Gray’s next single came to him in a dream, an experience he assures me is not exactly an irregular occurrence, but one that still remains somewhat prophetic. “I’m not like a superstitious person or anything,” he says, “but I do think that music kind of comes to you, rather than you looking for it.” This song in particular found him at 2AM, pouring out of his brain and onto the page in just a few minutes. Once completed, Gray fired over a rough draft to his best friend Ashley without so much as a word, then headed back to bed. “[It] was like my brain needed to get it out of me,” says Gray. ‘Winner’ begins with pained ruminations on the divorce of Gray’s parents, offering a tiny glimpse into the tumult of the singer’s life before pop stardom. Gray has spoken openly about his fractured family dynamic many times, dropping lyrical crumbs across past odes like Superache’s ‘Family Line’ (“God, I have my father’s eyes/But my sister’s when I cry”) and Kidd Krow’s ‘The Story’ that yearn to breakfree from the strife and heartache of blood ties. But ‘Winner’ is different.
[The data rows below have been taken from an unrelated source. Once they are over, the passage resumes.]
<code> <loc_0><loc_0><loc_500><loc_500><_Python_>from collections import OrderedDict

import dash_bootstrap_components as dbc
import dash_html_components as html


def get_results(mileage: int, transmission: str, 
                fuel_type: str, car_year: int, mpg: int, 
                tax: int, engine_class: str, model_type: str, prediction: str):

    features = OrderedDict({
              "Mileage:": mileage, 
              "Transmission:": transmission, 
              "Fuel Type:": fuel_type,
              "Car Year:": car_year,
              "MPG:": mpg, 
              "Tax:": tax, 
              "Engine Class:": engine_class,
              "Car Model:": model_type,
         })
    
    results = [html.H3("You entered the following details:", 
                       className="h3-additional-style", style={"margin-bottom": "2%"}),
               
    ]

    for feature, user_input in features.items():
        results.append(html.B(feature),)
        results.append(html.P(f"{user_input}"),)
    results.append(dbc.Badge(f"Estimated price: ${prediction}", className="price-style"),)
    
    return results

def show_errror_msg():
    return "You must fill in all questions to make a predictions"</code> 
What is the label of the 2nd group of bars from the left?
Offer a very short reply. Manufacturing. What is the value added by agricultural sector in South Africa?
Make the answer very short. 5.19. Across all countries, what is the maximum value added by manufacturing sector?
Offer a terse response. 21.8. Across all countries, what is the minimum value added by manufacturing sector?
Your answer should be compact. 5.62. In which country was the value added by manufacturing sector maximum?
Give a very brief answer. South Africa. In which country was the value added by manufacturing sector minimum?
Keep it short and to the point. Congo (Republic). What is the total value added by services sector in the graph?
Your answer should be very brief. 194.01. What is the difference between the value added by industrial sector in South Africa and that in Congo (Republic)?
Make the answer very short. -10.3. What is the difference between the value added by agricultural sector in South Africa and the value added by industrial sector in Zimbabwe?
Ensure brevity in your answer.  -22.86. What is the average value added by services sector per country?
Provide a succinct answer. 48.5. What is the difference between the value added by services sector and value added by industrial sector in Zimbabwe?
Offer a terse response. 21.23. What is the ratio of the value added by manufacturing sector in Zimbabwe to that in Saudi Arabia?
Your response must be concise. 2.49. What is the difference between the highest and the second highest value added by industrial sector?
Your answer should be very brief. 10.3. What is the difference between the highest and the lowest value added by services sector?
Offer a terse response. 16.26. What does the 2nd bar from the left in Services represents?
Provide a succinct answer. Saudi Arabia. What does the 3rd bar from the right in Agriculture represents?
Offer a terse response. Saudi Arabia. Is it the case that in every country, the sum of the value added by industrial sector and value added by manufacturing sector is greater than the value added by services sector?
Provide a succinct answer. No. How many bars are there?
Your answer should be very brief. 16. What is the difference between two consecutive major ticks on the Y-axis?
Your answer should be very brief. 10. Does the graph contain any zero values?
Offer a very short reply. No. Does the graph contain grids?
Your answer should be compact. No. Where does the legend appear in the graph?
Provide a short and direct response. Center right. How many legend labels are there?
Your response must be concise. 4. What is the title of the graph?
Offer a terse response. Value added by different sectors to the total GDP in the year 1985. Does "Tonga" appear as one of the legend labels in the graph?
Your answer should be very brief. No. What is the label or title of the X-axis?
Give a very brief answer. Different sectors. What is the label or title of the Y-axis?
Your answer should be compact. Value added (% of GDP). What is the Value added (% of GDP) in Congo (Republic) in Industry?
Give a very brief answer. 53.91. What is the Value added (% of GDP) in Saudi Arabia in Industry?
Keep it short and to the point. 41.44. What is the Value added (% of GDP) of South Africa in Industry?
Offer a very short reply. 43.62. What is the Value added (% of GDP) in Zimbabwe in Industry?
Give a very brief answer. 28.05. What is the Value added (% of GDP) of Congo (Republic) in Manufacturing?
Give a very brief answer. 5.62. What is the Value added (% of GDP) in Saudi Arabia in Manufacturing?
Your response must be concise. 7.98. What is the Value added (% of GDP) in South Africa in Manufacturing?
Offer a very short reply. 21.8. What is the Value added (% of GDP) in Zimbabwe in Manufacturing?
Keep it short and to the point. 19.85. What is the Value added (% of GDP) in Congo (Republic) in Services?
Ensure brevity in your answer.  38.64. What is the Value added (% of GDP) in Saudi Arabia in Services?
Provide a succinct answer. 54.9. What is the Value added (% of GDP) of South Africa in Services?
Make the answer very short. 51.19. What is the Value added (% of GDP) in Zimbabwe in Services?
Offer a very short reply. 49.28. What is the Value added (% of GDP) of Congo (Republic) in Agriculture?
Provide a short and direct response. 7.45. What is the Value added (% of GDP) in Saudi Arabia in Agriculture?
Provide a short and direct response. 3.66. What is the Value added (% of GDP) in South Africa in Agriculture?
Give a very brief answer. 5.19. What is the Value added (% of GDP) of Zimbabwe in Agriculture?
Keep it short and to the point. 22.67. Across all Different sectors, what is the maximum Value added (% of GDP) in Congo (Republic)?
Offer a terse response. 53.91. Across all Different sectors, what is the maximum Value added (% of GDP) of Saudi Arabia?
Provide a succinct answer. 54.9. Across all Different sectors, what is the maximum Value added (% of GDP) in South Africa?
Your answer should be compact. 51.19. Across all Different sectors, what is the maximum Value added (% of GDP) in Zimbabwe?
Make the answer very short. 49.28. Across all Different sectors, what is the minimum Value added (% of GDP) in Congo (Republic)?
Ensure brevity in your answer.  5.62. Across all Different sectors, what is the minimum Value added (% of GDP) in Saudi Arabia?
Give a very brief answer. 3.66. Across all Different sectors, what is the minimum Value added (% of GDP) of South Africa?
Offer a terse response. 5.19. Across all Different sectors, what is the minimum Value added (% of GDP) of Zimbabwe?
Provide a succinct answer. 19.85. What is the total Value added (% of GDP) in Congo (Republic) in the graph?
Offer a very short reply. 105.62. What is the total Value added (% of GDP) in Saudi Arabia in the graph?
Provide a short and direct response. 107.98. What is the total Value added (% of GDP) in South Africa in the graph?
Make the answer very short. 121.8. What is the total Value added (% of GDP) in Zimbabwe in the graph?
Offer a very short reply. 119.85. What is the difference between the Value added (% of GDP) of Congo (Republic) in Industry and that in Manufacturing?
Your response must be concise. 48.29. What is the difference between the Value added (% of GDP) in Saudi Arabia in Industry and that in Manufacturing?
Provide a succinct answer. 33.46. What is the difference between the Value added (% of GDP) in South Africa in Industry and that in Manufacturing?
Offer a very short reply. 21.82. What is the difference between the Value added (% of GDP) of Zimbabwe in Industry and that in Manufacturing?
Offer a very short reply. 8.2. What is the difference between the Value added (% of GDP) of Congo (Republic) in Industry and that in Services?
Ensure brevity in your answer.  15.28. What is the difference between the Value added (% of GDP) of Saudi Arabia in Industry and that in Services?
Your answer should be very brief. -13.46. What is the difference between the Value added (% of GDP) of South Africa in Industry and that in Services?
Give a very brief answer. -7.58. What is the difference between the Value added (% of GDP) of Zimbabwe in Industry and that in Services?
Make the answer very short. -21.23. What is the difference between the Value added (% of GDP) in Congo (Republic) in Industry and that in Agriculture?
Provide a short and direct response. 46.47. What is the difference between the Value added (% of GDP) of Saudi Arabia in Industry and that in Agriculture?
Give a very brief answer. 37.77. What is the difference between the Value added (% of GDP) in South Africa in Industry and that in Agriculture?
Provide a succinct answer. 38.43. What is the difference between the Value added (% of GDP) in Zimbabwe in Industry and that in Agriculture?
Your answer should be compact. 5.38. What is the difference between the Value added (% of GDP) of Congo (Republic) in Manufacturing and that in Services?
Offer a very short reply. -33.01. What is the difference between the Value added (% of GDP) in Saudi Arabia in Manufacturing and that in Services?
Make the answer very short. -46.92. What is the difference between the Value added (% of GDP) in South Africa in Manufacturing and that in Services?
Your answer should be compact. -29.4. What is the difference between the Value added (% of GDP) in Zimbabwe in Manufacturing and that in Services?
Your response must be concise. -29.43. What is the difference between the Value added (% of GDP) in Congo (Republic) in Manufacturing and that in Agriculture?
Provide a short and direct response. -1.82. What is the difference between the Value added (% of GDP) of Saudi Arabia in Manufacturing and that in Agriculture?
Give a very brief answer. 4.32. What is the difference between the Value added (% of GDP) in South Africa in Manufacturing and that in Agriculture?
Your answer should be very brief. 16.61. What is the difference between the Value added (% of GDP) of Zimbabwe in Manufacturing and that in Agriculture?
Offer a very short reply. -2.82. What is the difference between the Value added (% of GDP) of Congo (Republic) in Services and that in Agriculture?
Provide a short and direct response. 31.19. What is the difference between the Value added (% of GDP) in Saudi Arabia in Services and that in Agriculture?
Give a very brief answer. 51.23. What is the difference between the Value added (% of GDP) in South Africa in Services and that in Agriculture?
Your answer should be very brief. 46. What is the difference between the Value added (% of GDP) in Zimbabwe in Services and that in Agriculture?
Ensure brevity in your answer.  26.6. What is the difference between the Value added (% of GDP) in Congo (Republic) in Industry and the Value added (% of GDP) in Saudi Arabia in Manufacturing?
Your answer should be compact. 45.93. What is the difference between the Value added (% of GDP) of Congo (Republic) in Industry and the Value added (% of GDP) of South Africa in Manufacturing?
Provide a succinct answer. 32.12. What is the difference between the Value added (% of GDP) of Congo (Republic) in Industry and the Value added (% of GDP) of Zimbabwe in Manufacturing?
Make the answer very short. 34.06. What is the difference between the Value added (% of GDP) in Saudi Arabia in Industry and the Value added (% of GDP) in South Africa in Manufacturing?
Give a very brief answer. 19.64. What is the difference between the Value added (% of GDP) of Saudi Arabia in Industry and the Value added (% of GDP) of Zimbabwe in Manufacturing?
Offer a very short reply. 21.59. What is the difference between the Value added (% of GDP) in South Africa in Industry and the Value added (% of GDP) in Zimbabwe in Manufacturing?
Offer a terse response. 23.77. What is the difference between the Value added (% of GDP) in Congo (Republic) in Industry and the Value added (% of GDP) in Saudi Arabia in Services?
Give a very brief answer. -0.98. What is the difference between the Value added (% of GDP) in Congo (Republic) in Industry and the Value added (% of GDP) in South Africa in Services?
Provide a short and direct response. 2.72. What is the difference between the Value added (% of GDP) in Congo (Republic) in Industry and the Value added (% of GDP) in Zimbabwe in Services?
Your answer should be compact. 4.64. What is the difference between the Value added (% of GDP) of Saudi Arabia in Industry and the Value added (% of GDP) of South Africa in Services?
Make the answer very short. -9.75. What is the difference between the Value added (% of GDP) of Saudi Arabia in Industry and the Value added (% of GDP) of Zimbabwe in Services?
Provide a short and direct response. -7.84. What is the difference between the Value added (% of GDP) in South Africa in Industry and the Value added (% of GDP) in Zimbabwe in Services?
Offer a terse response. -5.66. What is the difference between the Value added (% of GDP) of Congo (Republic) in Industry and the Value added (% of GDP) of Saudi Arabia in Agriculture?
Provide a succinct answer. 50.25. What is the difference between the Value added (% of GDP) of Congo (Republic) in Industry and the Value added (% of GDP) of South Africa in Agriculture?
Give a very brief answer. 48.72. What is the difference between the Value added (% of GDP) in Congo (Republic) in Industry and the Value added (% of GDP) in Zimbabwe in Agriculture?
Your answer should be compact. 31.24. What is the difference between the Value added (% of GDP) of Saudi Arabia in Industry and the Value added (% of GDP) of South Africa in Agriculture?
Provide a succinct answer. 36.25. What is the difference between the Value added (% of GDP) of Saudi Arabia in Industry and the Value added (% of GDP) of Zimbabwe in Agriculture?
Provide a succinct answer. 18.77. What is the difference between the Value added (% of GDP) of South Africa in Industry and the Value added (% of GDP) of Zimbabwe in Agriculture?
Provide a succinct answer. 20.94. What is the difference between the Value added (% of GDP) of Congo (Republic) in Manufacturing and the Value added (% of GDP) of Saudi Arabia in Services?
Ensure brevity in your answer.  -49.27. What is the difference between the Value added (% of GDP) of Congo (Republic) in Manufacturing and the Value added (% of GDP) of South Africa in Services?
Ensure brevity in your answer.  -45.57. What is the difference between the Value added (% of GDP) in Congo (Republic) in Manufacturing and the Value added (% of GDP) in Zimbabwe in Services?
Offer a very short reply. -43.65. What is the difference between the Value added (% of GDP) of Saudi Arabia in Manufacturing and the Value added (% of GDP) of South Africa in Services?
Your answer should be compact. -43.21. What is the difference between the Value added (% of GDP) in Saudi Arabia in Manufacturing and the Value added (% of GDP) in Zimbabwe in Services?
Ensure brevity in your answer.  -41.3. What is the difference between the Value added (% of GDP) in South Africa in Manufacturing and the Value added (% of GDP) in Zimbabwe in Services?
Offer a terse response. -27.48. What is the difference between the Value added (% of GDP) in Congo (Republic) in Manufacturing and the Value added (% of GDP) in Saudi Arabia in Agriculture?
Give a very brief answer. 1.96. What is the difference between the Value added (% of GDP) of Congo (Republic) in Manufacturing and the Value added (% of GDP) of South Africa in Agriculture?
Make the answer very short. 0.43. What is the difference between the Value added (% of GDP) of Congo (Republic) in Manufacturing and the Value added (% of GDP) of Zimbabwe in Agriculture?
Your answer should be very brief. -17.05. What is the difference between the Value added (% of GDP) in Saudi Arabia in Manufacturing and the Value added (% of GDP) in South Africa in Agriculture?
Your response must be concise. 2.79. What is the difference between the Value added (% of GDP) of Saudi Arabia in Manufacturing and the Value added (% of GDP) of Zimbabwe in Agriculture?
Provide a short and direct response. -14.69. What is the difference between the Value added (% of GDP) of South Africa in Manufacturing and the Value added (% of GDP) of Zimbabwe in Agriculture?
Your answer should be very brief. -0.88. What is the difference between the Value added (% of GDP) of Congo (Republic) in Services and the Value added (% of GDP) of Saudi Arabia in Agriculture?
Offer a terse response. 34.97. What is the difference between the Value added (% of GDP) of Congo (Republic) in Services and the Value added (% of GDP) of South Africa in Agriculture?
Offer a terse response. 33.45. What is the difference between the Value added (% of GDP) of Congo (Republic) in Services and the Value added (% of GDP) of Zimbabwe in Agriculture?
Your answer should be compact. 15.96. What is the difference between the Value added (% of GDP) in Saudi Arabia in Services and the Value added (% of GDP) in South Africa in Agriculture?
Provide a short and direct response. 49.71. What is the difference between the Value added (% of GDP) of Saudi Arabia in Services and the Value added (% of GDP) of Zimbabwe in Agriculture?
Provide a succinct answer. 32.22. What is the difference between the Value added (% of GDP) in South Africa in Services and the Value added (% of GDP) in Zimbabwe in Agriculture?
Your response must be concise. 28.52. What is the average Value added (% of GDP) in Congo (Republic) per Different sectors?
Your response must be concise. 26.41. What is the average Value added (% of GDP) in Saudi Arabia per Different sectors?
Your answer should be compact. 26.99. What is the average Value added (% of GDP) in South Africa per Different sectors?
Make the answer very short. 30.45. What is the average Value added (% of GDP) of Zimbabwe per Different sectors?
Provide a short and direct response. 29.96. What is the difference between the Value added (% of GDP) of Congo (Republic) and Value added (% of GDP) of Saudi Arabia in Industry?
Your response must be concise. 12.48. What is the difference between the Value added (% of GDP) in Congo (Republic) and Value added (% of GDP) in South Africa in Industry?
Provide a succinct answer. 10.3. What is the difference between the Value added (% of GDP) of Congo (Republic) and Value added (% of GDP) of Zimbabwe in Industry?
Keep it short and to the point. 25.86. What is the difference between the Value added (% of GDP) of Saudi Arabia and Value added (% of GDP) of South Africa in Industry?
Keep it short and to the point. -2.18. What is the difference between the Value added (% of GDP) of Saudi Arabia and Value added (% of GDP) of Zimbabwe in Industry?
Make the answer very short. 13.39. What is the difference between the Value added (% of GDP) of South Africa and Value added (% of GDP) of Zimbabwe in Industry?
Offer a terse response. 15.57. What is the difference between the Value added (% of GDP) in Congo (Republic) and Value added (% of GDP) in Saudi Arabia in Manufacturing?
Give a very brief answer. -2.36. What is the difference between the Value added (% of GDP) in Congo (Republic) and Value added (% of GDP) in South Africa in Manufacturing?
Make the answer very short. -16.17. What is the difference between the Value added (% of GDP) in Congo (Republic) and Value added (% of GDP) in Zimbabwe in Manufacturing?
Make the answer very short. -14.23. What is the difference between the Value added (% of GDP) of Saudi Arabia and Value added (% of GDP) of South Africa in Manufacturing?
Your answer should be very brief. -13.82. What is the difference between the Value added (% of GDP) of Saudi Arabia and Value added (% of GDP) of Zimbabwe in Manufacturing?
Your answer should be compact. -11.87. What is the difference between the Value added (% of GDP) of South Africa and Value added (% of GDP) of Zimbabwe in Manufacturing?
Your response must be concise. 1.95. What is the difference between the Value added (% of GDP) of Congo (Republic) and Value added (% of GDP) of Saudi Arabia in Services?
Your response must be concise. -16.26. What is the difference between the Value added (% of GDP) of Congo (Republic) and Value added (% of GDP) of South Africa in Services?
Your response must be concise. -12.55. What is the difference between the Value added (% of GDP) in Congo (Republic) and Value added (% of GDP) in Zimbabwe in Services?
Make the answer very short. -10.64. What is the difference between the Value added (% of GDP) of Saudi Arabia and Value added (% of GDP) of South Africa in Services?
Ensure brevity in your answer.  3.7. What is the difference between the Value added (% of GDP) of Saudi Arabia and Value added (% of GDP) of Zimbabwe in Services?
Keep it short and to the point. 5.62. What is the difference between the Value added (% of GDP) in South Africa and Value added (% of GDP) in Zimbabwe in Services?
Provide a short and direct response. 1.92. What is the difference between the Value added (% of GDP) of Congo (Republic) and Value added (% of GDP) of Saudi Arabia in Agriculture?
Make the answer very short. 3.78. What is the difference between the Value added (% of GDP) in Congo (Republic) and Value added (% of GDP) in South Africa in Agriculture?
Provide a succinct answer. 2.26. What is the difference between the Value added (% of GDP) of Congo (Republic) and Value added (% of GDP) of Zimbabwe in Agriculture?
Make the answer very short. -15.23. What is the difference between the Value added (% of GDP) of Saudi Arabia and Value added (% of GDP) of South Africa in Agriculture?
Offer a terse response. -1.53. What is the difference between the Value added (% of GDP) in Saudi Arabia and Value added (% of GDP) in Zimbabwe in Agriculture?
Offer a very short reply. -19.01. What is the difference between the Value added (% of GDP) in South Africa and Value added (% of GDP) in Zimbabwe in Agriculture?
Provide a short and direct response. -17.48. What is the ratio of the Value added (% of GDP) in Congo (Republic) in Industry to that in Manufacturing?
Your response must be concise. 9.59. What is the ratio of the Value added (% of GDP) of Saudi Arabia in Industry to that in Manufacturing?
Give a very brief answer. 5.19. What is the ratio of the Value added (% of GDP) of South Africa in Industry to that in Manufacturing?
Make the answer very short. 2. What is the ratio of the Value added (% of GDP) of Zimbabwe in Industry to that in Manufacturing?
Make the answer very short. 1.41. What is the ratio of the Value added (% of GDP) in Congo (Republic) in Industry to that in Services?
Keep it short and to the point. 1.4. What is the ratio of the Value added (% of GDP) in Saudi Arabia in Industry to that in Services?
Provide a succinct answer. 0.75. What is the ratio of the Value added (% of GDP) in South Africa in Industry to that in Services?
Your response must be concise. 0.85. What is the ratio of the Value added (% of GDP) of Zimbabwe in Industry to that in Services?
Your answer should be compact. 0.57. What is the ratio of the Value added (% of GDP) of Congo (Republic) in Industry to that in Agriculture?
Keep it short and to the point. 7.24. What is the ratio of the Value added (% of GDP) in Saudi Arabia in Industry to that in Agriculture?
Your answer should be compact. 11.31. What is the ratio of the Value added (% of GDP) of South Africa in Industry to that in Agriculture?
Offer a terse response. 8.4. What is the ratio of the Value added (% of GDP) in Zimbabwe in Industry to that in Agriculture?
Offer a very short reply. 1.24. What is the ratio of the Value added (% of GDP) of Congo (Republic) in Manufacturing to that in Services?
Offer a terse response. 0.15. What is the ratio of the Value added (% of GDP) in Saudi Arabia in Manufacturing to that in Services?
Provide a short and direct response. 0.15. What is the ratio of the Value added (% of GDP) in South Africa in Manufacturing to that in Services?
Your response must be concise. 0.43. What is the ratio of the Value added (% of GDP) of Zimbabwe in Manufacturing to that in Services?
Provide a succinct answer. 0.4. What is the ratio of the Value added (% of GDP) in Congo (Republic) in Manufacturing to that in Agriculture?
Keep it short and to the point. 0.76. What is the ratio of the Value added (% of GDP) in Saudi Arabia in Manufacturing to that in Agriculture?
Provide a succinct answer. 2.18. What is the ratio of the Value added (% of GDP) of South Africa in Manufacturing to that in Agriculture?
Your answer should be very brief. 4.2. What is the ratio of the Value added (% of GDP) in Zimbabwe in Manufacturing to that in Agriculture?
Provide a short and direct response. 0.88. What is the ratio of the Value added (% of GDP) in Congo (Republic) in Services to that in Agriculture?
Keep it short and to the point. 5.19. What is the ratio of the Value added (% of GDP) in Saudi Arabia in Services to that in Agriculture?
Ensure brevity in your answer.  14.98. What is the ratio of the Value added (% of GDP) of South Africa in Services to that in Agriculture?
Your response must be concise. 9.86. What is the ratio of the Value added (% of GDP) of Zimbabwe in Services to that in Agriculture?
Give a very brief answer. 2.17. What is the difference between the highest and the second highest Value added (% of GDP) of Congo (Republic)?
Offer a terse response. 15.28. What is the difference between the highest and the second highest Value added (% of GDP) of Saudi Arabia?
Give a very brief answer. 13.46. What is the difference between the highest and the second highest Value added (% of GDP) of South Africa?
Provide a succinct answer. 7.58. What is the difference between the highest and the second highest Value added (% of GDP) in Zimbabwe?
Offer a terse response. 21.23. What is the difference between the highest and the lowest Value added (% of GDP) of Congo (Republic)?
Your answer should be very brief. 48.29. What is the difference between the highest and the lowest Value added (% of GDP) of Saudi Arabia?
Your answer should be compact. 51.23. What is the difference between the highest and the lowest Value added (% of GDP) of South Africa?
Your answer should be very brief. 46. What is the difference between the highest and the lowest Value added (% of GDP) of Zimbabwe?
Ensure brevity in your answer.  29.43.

The track is balladic in the way of a Karaoke epic that should only be sung, or screamed, after two bottles of wine, kitted out with the ever-building orchestral fluorishes of Greg Kurstin (Grammy award-winning songwriter and producer to the likes of Lily Allen & Adele). The duo work in tandem to pull every last morsel from the deepest recesses of Gray’s heart and soul, telling a tale that relishes in the defeat after a lengthy struggle. “There’s no one who has ever done better, at making me feel worse/You really are the winner” he croons with force over sizzling guitar rips. Barely disguising his heartfelt platitudes on family and retribution, Gray amps up the codes of nostalgia tenfold in the track’s accompanying visuals. ‘Winner’ is a riff on a darker side of the American Dream, where the picket fence is smashed to smithereens and animosity lurks in the drains of a suburban cul de sac.